Any economist would know that this is total nonsense. Britain imported 17 billion pounds' worth of goods during World War II, of which America paid--in Lend-Lease and in post-World War II Marshall Plan and MSA aid--for 7 billion. Had America paid for all 17 billion pounds, then Britain would have had an extra 10 billion pounds' worth of overseas assets at the end of World War II. At a 5% real return on overseas investments, this would have boosted post-World War II British GDP by four percent. Britain was not the post-World War II leader of the western alliance because it had 1/4 the population of the United States, because its factories were only 2/3 as productive as American workers, because it was willing to spend only 2/3 as large a share of national product on the military--these add up to an 800% gap in relative strength as a Great Power. That's a much larger gap in politico-military strength than the 4% gap that could be attributed to America's failure to pay for all rather than one-third of Britain's World War II imports.

But even though it is nonsense, Skidelsky seems to believe it. He writes of how (p. xv) "Churchill fought to preserve Britain and its Empire against Nazi Germany. Keynes fought to preserve Britain as a Great Power against the United States. The war against Germany was won; but, in helping to win it, Britain lost both Empire and greatness..." He writes of how (p. xxi) it was a tragedy that Hitler's being "in charge of a great nation... threw Britain into the arms of America as a suppliant, and therefore subordinate: a subordination masked by the illusion of a 'special relationship'...". He even seems (I can barely believe it) to feel some regret that the British government's "...underlying belief that the New World had to be yoked... to the Old" led to "...the deference Britain paid to America's wishes... and its failure to exploit crucial elements in its bargaining position--like fighting a more limited war, or even making a separate peace with Germany..." (p. 180).

But everyone knows that a Britain that made peace with Hitler in 1941 because American Lend-Lease aid was insufficiently generous would not be great. Britain fought to defeat a tyranny, not to preserve an empire. As Winston Churchill said: "You ask, what is our policy? I say it is to wage war by land, sea and air--war with all our might and with all the strength God has given us--and to wage war against a monstrous tyranny never surpassed in the dark and lamentable catalogue of human crime. That is our policy. You ask, what is our aim? I can answer in one word. It is victory. Victory at all costs. Victory in spite of all terrors. Victory, however long and hard the road may be, for without victory there is no survival. Let that be realized. No survival for the British Empire, no survival for all that the British Empire has stood for..." .

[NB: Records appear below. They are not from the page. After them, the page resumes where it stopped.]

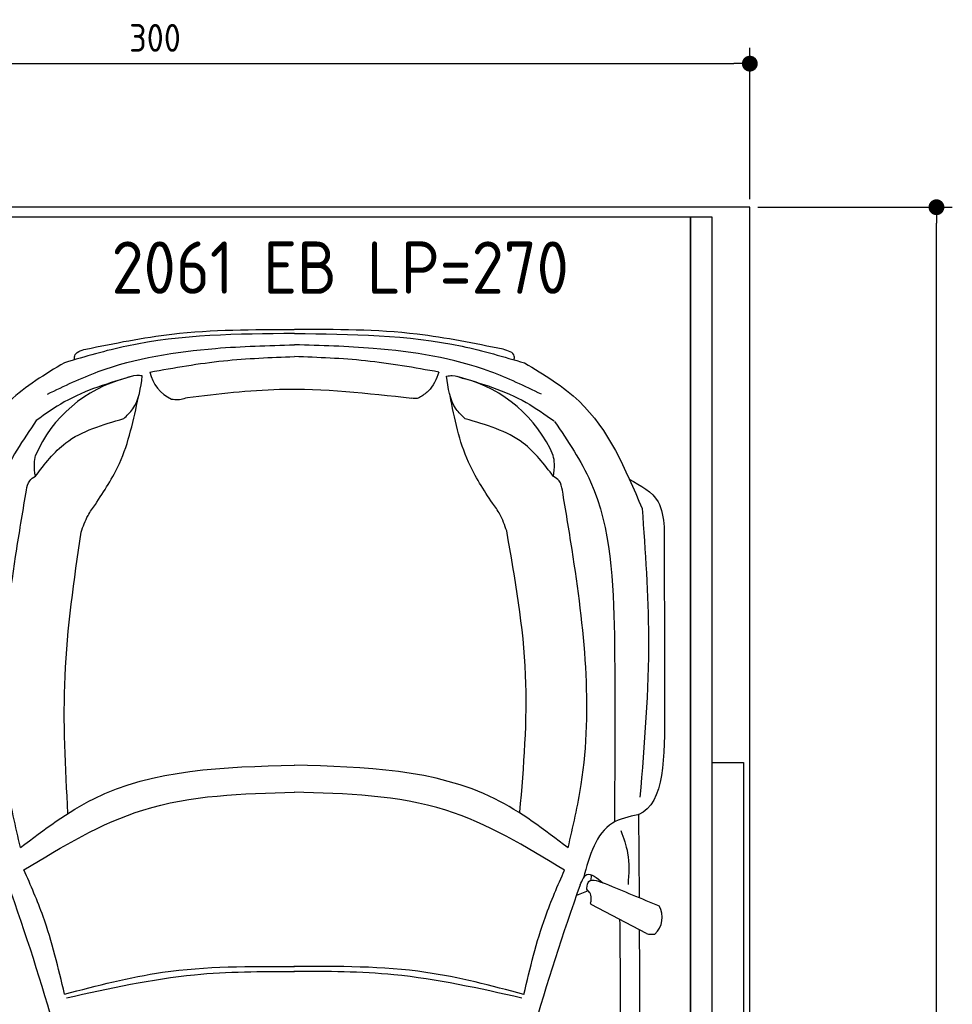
# Model space of a CAD drawing. Header units: millimetres. Extents: x -20 to 3511, y -1009 to 5673.
# Tile 3 of 3: x 1159 to 3511, y 3190 to 5673. Entities that reach past the tile are written whole.
import ezdxf

# ---------------------------------------------------------------- set-up
doc = ezdxf.new("R2010")
doc.units = ezdxf.units.MM
for name, color, linetype in [('4', 3, 'Continuous'), ('5', 3, 'Continuous'), ('Car', 10, 'Continuous')]:
    doc.layers.add(name, color=color, linetype=linetype)
doc.styles.get("Standard").update_dxf_attribs({"font": 'ISOCP.SHX'})
doc.dimstyles.new('GEN-ISO', dxfattribs={"dimscale": 20, "dimtxt": 3.5, "dimasz": 2, "dimexe": 2, "dimexo": 1, "dimgap": 1.5, "dimtad": 1, "dimdec": 1, "dimdsep": 46, "dimtxsty": 'STANDARD', "dimblk": 'PUNKT', "dimcen": 2, "dimclrd": 256, "dimclre": 256, "dimclrt": 2, "dimadec": 0, "dimazin": 0, "dimtp": 0.1, "dimtm": 0.1, "dimtfac": 0.71, "dimtdec": 1, "dimtmove": 2, "dimatfit": 3, "dimldrblk": 'PUNKT', "dimfxl": 1, "dimtolj": 1, "dimarcsym": 0})

# ---------------------------------------------------------------- blocks, each defined once
blk = doc.blocks.new('PUNKT')
at = {"layer": '4', "color": 0, "linetype": 'ByBlock'}
blk.add_line((-0.5, 0), (-1, 0), dxfattribs=at)
at = {"layer": '4', "color": 0, "linetype": 'ByBlock', "const_width": 0.5}
blk.add_lwpolyline([(-0.25, 0, 1), (0.25, 0, 1)], format="xyb", close=True, dxfattribs=at)
blk = doc.blocks.new('*D3')
at = {"layer": '5', "lineweight": -2}
for p, q in [((0, 5220), (0, 5602.1)), ((3000, 5220), (3000, 5602.1)), ((40, 5562.1), (2960, 5562.1))]:
    blk.add_line(p, q, dxfattribs=at)
at = {"layer": 'DEFPOINTS', "color": 0}
for p in [(3000, 5562.1), (0, 5200), (3000, 5200)]:
    blk.add_point(p, dxfattribs=at)
at = {"layer": '5', "lineweight": -2, "xscale": 40, "yscale": 40, "zscale": 40, "rotation": 180}
blk.add_blockref('PUNKT', (0, 5562.1), dxfattribs=at)
at = {"layer": '5', "lineweight": -2, "xscale": 40, "yscale": 40, "zscale": 40}
blk.add_blockref('PUNKT', (3000, 5562.1), dxfattribs=at)
at = {"layer": '5', "color": 2, "insert": (1500, 5627.1), "char_height": 70, "attachment_point": 5}
blk.add_mtext('300', dxfattribs=at)
blk = doc.blocks.new('*D6')
at = {"layer": '5', "lineweight": -2}
for p, q in [((3020, 5200), (3510.6, 5200)), ((3470.6, 40), (3470.6, 5160)), ((2970, 0), (3510.6, 0))]:
    blk.add_line(p, q, dxfattribs=at)
at = {"layer": 'DEFPOINTS', "color": 0}
for p in [(3000, 5200), (3470.6, 5200), (2950, 0)]:
    blk.add_point(p, dxfattribs=at)
at = {"layer": '5', "lineweight": -2, "xscale": 40, "yscale": 40, "zscale": 40}
for p, rotation in [((3470.6, 5200), 90), ((3470.6, 0), 270)]:
    blk.add_blockref('PUNKT', p, dxfattribs=dict(at, rotation=rotation))
at = {"layer": '5', "color": 2, "insert": (3405.6, 2600), "char_height": 70, "attachment_point": 5, "rotation": 90}
blk.add_mtext('\\A1;520', dxfattribs=at)

msp = doc.modelspace()

# ---------------------------------------------------------------- linework, layer by layer
msp.add_line((2850, 5174.91), (150, 5174.91))
msp.add_lwpolyline([(3000, 5200), (2950, 5200), (2950, 5200), (50, 5200), (50, 5200), (0, 5200), (0, 650), (50, 650), (50, 0), (2950, 0), (2950, 650), (3000, 650)], close=True)
for points in [[(150, 30), (2850, 30), (2850, 5174.91)], [(2905, 5174.91), (2850, 5174.91), (2850, 30), (2877.5, 30)], [(2905, 250), (2905, 5174.91)], [(2905, 3799.63), (2984, 3799.63), (2984, 1091.5), (2905, 1091.5)]]:
    msp.add_lwpolyline(points)
at = {"layer": 'Car'}
for p, q in [((2658.55, 3685.56), (2658.93, 3649.56)), ((2721.73, 3459.93), (2719.76, 3668.16)), ((2599.89, 3501.34), (2600.6, 3516.36)), ((2592.73, 3475.83), (2562.78, 3464.42)), ((2739.45, 3367.98), (2599.48, 3441.14))]:
    msp.add_line(p, q, dxfattribs=at)
for centre, radius, start, end in [((1510.48, 4439.77), 339.38, 104.39541, 156.68545), ((1580.48, 4802.89), 94.99, 191.22317, 245.90253), ((2192.58, 4439.48), 339.38, 23.26593, 75.55597), ((-4708.33, 1413.49), 6197.21, 15.945352, 19.596216), ((8408.82, 1407.93), 6197.21, 160.355167, 164.006031), ((2720.5, 3409.2), 58.46, 313.10202, 29.1823), ((2753.9, 3421.75), 55.62, 254.91043, 276.76527)]:
    msp.add_arc(centre, radius, start, end, dxfattribs=at)
for points, knots in [([(1851.51, 4881.37), (1709.16, 4880.2), (1511.99, 4878.58), (1323.9, 4823.25), (1271.6, 4807.86)], [0, 0, 0, 0, 423.4928418, 586.5833763, 586.5833763, 586.5833763, 586.5833763]), ([(1325.72, 4842.18), (1397.84, 4856.86), (1571.05, 4892.12), (1748.01, 4891.74), (1851.29, 4891.52)], [0, 0, 0, 0, 220.2894534, 529.0699843, 529.0699843, 529.0699843, 529.0699843]), ([(1851.93, 4881.37), (1994.28, 4880.08), (2191.45, 4878.3), (2379.5, 4822.8), (2431.78, 4807.37)], [0, 0, 0, 0, 423.4928418, 586.5833763, 586.5833763, 586.5833763, 586.5833763]), ([(2377.69, 4841.73), (2305.58, 4856.48), (2132.4, 4891.88), (1955.44, 4891.65), (1852.15, 4891.52)], [0, 0, 0, 0, 220.2894534, 529.0699843, 529.0699843, 529.0699843, 529.0699843]), ([(1228.87, 4728.79), (1271.03, 4749.03), (1404.08, 4812.92), (1618.87, 4846.41), (1785.43, 4851.17), (1851.6, 4853.07)], [0, 0, 0, 0, 139.9486404, 441.7007564, 640.6521216, 640.6521216, 640.6521216, 640.6521216]), ([(2474.44, 4728.26), (2432.3, 4748.54), (2299.3, 4812.54), (2084.54, 4846.21), (1917.99, 4851.12), (1851.81, 4853.07)], [0, 0, 0, 0, 139.9486404, 441.7007564, 640.6521216, 640.6521216, 640.6521216, 640.6521216]), ([(1297.51, 4815.47), (1297.22, 4818.78), (1295.88, 4833.7), (1312.66, 4838.47), (1325.72, 4842.18)], [0, 0, 0, 0, 9.4355672, 42.5072931, 42.5072931, 42.5072931, 42.5072931]), ([(1487.3, 4784.41), (1548.94, 4795.32), (1669.49, 4816.67), (1791.82, 4821.08), (1851.61, 4823.24)], [0, 0, 0, 0, 187.5262556, 366.7655398, 366.7655398, 366.7655398, 366.7655398]), ([(2216.06, 4784.1), (2154.43, 4795.06), (2033.9, 4816.51), (1911.57, 4821.03), (1851.78, 4823.24)], [0, 0, 0, 0, 187.5262556, 366.7655398, 366.7655398, 366.7655398, 366.7655398]), ([(2405.87, 4815), (2406.17, 4818.31), (2407.52, 4833.23), (2390.74, 4838.01), (2377.69, 4841.73)], [0, 0, 0, 0, 9.4355672, 42.5072931, 42.5072931, 42.5072931, 42.5072931]), ([(1271.6, 4807.86), (1222.63, 4778.42), (1082.47, 4694.13), (1017.15, 4540.75), (974.65, 4440.96)], [0, 0, 0, 0, 168.365537, 481.9023638, 481.9023638, 481.9023638, 481.9023638]), ([(2431.78, 4807.37), (2480.72, 4777.88), (2620.81, 4693.48), (2686, 4540.05), (2728.41, 4440.22)], [0, 0, 0, 0, 168.365537, 481.9023638, 481.9023638, 481.9023638, 481.9023638]), ([(1445.77, 4774.78), (1385.45, 4757.03), (1297.73, 4731.22), (1223.75, 4678.55), (1200.65, 4662.1)], [0, 0, 0, 0, 186.5227216, 271.2276863, 271.2276863, 271.2276863, 271.2276863]), ([(1421.02, 4666.72), (1429.22, 4674.54), (1458.69, 4702.65), (1464.05, 4744.41), (1467.91, 4774.55)], [0, 0, 0, 0, 33.4316052, 120.1693208, 120.1693208, 120.1693208, 120.1693208]), ([(1467.91, 4774.55), (1463.2, 4775.2), (1448.92, 4777.18), (1435.26, 4771.98), (1426.11, 4768.49)], [0, 0, 0, 0, 14.1183333, 42.7794359, 42.7794359, 42.7794359, 42.7794359]), ([(2216.06, 4784.1), (2208.96, 4766.33), (2198.33, 4739.72), (2174.53, 4724.88), (2166.63, 4719.95)], [0, 0, 0, 0, 55.1960491, 82.6743953, 82.6743953, 82.6743953, 82.6743953]), ([(2235.44, 4774.22), (2240.15, 4774.87), (2254.43, 4776.84), (2268.09, 4771.63), (2277.24, 4768.13)], [0, 0, 0, 0, 14.1183333, 42.7794359, 42.7794359, 42.7794359, 42.7794359]), ([(2282.24, 4666.36), (2274.04, 4674.19), (2244.6, 4702.32), (2239.28, 4744.08), (2235.44, 4774.22)], [0, 0, 0, 0, 33.4316052, 120.1693208, 120.1693208, 120.1693208, 120.1693208]), ([(2261.28, 4773.56), (2321.6, 4755.82), (2409.32, 4730.01), (2483.3, 4677.34), (2506.4, 4660.89)], [0, 0, 0, 0, 186.5227216, 271.2276863, 271.2276863, 271.2276863, 271.2276863]), ([(1581.55, 4720.02), (1659.01, 4729.39), (1847.5, 4752.2), (2036.47, 4730.97), (2147.78, 4718.46)], [0, 0, 0, 0, 233.3943149, 567.891299, 567.891299, 567.891299, 567.891299]), ([(1349.53, 4450.16), (1371.59, 4483.89), (1425.74, 4566.69), (1446.1, 4663.94), (1458.16, 4721.57)], [0, 0, 0, 0, 120.0031783, 294.5713116, 294.5713116, 294.5713116, 294.5713116]), ([(1541.7, 4716.18), (1544.39, 4715.7), (1557.69, 4713.32), (1570.96, 4717.05), (1581.55, 4720.02)], [0, 0, 0, 0, 8.1607931, 40.3357332, 40.3357332, 40.3357332, 40.3357332]), ([(2166.63, 4719.95), (2164.69, 4719.16), (2158.68, 4716.74), (2152.18, 4717.77), (2147.78, 4718.46)], [0, 0, 0, 0, 6.2040973, 19.1847556, 19.1847556, 19.1847556, 19.1847556]), ([(2351.16, 4453.37), (2329.02, 4487.08), (2274.76, 4569.73), (2255.5, 4667.17), (2244.09, 4724.86)], [0, 0, 0, 0, 120.0031783, 294.2157687, 294.2157687, 294.2157687, 294.2157687]), ([(1200.65, 4662.1), (1167.25, 4612.65), (1060.04, 4453.87), (1046.49, 4104.71), (1048.69, 3831.76), (1049.85, 3688.05)], [0, 0, 0, 0, 177.0434798, 568.3902132, 1003.585748, 1003.585748, 1003.585748, 1003.585748]), ([(1198.23, 4521.32), (1221.75, 4552.14), (1278.1, 4625.98), (1368.41, 4651.72), (1421.02, 4666.72)], [0, 0, 0, 0, 113.6549716, 272.306786, 272.306786, 272.306786, 272.306786]), ([(2504.9, 4520.76), (2481.41, 4551.6), (2425.12, 4625.49), (2334.84, 4651.31), (2282.24, 4666.36)], [0, 0, 0, 0, 113.6549716, 272.306786, 272.306786, 272.306786, 272.306786]), ([(2507.75, 4659.62), (2541.14, 4610.16), (2648.35, 4451.39), (2661.9, 4102.22), (2659.7, 3829.28), (2658.55, 3685.56)], [0, 0, 0, 0, 177.0434798, 568.3902132, 1003.585748, 1003.585748, 1003.585748, 1003.585748]), ([(1198.23, 4521.32), (1196.71, 4532.11), (1194.22, 4549.79), (1197.53, 4567.27), (1198.82, 4574.09)], [0, 0, 0, 0, 32.3883593, 53.0782664, 53.0782664, 53.0782664, 53.0782664]), ([(2504.9, 4520.76), (2506.43, 4531.55), (2508.94, 4549.24), (2505.65, 4566.72), (2504.37, 4573.53)], [0, 0, 0, 0, 32.3883593, 53.0782664, 53.0782664, 53.0782664, 53.0782664]), ([(1175.76, 4486.59), (1177.38, 4495.29), (1180.16, 4510.25), (1192.9, 4518.05), (1198.23, 4521.32)], [0, 0, 0, 0, 25.0784399, 43.1020179, 43.1020179, 43.1020179, 43.1020179]), ([(2527.35, 4486.01), (2525.74, 4494.72), (2522.97, 4509.68), (2510.23, 4517.49), (2504.9, 4520.76)], [0, 0, 0, 0, 25.0784399, 43.1020179, 43.1020179, 43.1020179, 43.1020179]), ([(2695.64, 4513.76), (2724.82, 4498.11), (2774.7, 4471.36), (2781.5, 4416.52), (2784.32, 4393.76)], [0, 0, 0, 0, 92.1890334, 157.5803825, 157.5803825, 157.5803825, 157.5803825]), ([(1160.63, 3584.97), (1148.29, 3638.1), (1091.16, 3884.18), (1126.47, 4192.78), (1167.43, 4436.97), (1175.76, 4486.59)], [0, 0, 0, 0, 163.2605713, 756.2228172, 907.4390255, 907.4390255, 907.4390255, 907.4390255]), ([(2541.71, 3584.39), (2554.09, 3637.51), (2611.43, 3883.54), (2576.39, 4192.17), (2535.63, 4436.39), (2527.35, 4486.01)], [0, 0, 0, 0, 163.2605713, 756.2228172, 907.4390255, 907.4390255, 907.4390255, 907.4390255]), ([(1313.75, 4380.2), (1318.74, 4394.75), (1327.34, 4419.84), (1342.96, 4441.19), (1349.53, 4450.16)], [0, 0, 0, 0, 45.7898489, 78.965923, 78.965923, 78.965923, 78.965923]), ([(2386.93, 4383.41), (2381.94, 4397.96), (2373.34, 4423.05), (2357.72, 4444.4), (2351.16, 4453.37)], [0, 0, 0, 0, 45.7898489, 78.965923, 78.965923, 78.965923, 78.965923]), ([(2728.41, 4440.22), (2736.27, 4331.76), (2753.87, 4088.87), (2734, 3846.06), (2723, 3711.67)], [0, 0, 0, 0, 325.7557226, 729.5213164, 729.5213164, 729.5213164, 729.5213164]), ([(1280.4, 3671.02), (1274.24, 3786.5), (1261.56, 4023.97), (1296.04, 4259.31), (1313.75, 4380.2)], [0, 0, 0, 0, 346.0264285, 711.5314729, 711.5314729, 711.5314729, 711.5314729]), ([(2420.28, 3674.23), (2429.9, 3789.76), (2449.7, 4027.53), (2408.24, 4262.57), (2386.93, 4383.41)], [0, 0, 0, 0, 346.2479994, 712.6055914, 712.6055914, 712.6055914, 712.6055914]), ([(1160.63, 3584.97), (1220.46, 3630.38), (1418.72, 3780.84), (1673.73, 3788.09), (1851.77, 3793.15)], [0, 0, 0, 0, 221.9805368, 735.5404903, 735.5404903, 735.5404903, 735.5404903]), ([(2541.71, 3584.39), (2481.92, 3629.85), (2283.79, 3780.48), (2028.79, 3787.94), (1850.74, 3793.15)], [0, 0, 0, 0, 221.9805368, 735.5404903, 735.5404903, 735.5404903, 735.5404903]), ([(1169.58, 3528.55), (1266.88, 3587.61), (1475.8, 3714.45), (1720.85, 3721.03), (1851.78, 3724.55)], [0, 0, 0, 0, 335.6578726, 720.7665859, 720.7665859, 720.7665859, 720.7665859]), ([(2532.71, 3527.97), (2435.47, 3587.12), (2226.65, 3714.13), (1981.61, 3720.92), (1850.67, 3724.55)], [0, 0, 0, 0, 335.6578726, 720.7665859, 720.7665859, 720.7665859, 720.7665859]), ([(2717.89, 3667.87), (2694.82, 3662.71), (2618.4, 3645.62), (2596.01, 3564.65), (2580.38, 3508.13)], [0, 0, 0, 0, 67.7242349, 224.3316277, 224.3316277, 224.3316277, 224.3316277]), ([(2719.76, 3668.16), (2719.53, 3668.09), (2718.92, 3667.91), (2718.28, 3667.88), (2717.89, 3667.87)], [0, 0, 0, 0, 0.7157941, 1.8958435, 1.8958435, 1.8958435, 1.8958435]), ([(2674.64, 3627.8), (2681.47, 3609.13), (2697.47, 3565.38), (2694.63, 3518.7), (2693.01, 3491.94)], [0, 0, 0, 0, 59.065939, 138.3898169, 138.3898169, 138.3898169, 138.3898169]), ([(1271.87, 3215.13), (1256.19, 3281.23), (1230.7, 3388.64), (1186.56, 3489.68), (1169.58, 3528.55)], [0, 0, 0, 0, 203.2133467, 330.2395326, 330.2395326, 330.2395326, 330.2395326]), ([(2430.16, 3214.64), (2445.9, 3280.73), (2471.47, 3388.12), (2515.7, 3489.12), (2532.71, 3527.97)], [0, 0, 0, 0, 203.2133467, 330.2395326, 330.2395326, 330.2395326, 330.2395326]), ([(2572.33, 3491.36), (2577.21, 3502.41), (2589.45, 3530.07), (2614.53, 3508.64), (2629.59, 3495.77)], [0, 0, 0, 0, 30.3325988, 75.9562062, 75.9562062, 75.9562062, 75.9562062]), ([(2588.84, 3482.81), (2589.85, 3489.48), (2593.23, 3511.91), (2622.34, 3498.67), (2635.49, 3494.13)], [0, 0, 0, 0, 17.6737612, 59.3906544, 59.3906544, 59.3906544, 59.3906544]), ([(2592.73, 3475.83), (2591.28, 3477.07), (2589.04, 3478.98), (2588.89, 3481.82), (2588.84, 3482.81)], [0, 0, 0, 0, 5.3936357, 8.285754, 8.285754, 8.285754, 8.285754]), ([(2600.27, 3453.3), (2600.23, 3458.45), (2600.15, 3466.92), (2594.82, 3473.32), (2592.73, 3475.83)], [0, 0, 0, 0, 14.8396852, 24.3889735, 24.3889735, 24.3889735, 24.3889735]), ([(2599.48, 3441.14), (2599, 3442.58), (2597.66, 3446.65), (2600.57, 3450.64), (2600.27, 3453.3)], [0, 0, 0, 0, 4.4179874, 12.4309043, 12.4309043, 12.4309043, 12.4309043]), ([(2570.11, 831.51), (2591.62, 1047.77), (2676.33, 1899.81), (2674.58, 2756.76), (2673.27, 3396.21)], [0, 0, 0, 0, 651.7606985, 2567.8765597, 2567.8765597, 2567.8765597, 2567.8765597]), ([(2721.09, 3377.58), (2722.62, 3027.89), (2724.45, 2462.41), (2721.67, 1896.95), (2720.27, 1681.16)], [30.8675023, 30.8675023, 30.8675023, 30.8675023, 135.7738464, 200.5104278, 200.5104278, 200.5104278, 200.5104278]), ([(1271.87, 3215.13), (1353.8, 3236.74), (1543.58, 3286.78), (1740.15, 3285.59), (1851.85, 3284.92)], [0, 0, 0, 0, 253.1812978, 586.4098038, 586.4098038, 586.4098038, 586.4098038]), ([(2430.16, 3214.64), (2348.24, 3236.32), (2158.51, 3286.52), (1961.93, 3285.5), (1850.23, 3284.92)], [0, 0, 0, 0, 253.1812978, 586.4098038, 586.4098038, 586.4098038, 586.4098038]), ([(1276.93, 3205.96), (1384.03, 3229.84), (1573.54, 3272.09), (1767.51, 3272.53), (1851.86, 3272.72)], [0, 0, 0, 0, 327.9588467, 580.2944516, 580.2944516, 580.2944516, 580.2944516]), ([(2425.09, 3205.47), (2318.01, 3229.44), (2128.53, 3271.86), (1934.56, 3272.46), (1850.22, 3272.72)], [0, 0, 0, 0, 327.9588467, 580.2944516, 580.2944516, 580.2944516, 580.2944516])]:
    msp.add_open_spline(points, degree=3, knots=knots, dxfattribs=at)
for points in [[(2784.32, 4393.76), (2784.38, 4240.49), (2784.44, 4087.22), (2784.51, 3933.95)], [(2784.51, 3933.95), (2785.14, 3815.09), (2785.78, 3696.22), (2719.76, 3668.16)], [(2635.49, 3494.13), (2680.84, 3475.32), (2726.19, 3456.51), (2771.54, 3437.7)], [(2673.27, 3396.21), (2672.81, 3398.41), (2672.36, 3400.61), (2671.89, 3402.81)]]:
    msp.add_open_spline(points, degree=3, dxfattribs=at)

# ---------------------------------------------------------------- texts
msp.add_text('2061 EB LP=270', height=132).set_placement((1390.22, 4981.72))

# ---------------------------------------------------------------- dimensions: what is measured, and where the dimension line sits
at = {"layer": '5'}
dim = msp.add_linear_dim(base=(3000, 5562.06), p1=(0, 5200), p2=(3000, 5200), dimstyle='GEN-ISO', override={"dimlfac": 0.1, "dimtolj": 0}, dxfattribs=at)
dim.commit()
dim.dimension.update_dxf_attribs({"geometry": '*D3', "text_midpoint": (1500, 5627.06)})
dim = msp.add_linear_dim(base=(3470.6, 5200), p1=(2950, 0), p2=(3000, 5200), angle=270, dimstyle='GEN-ISO', override={"dimlfac": 0.1}, dxfattribs=at)
dim.commit()
dim.dimension.update_dxf_attribs({"geometry": '*D6', "text_midpoint": (3405.6, 2600)})

doc.saveas('drawing.dxf')

And any economist would know that greatness does not lie in numbers of battleships or large foreign exchange reserves. Greatness lies in the use of power to shape the world for good. Of all the kinds of power, the greatest is--as Keynes reminds us--the power of "ideas... both when they are right and when they are wrong.... Indeed, the world is ruled by little else.... [S]oon or late, it is ideas, not vested interests, which are dangerous for good or evil..." The ideas for human good that Britain has incubated since Magna Carta and nurtures still today are what make it great. And among those ideas for human good are the thoughts of John Maynard Keynes.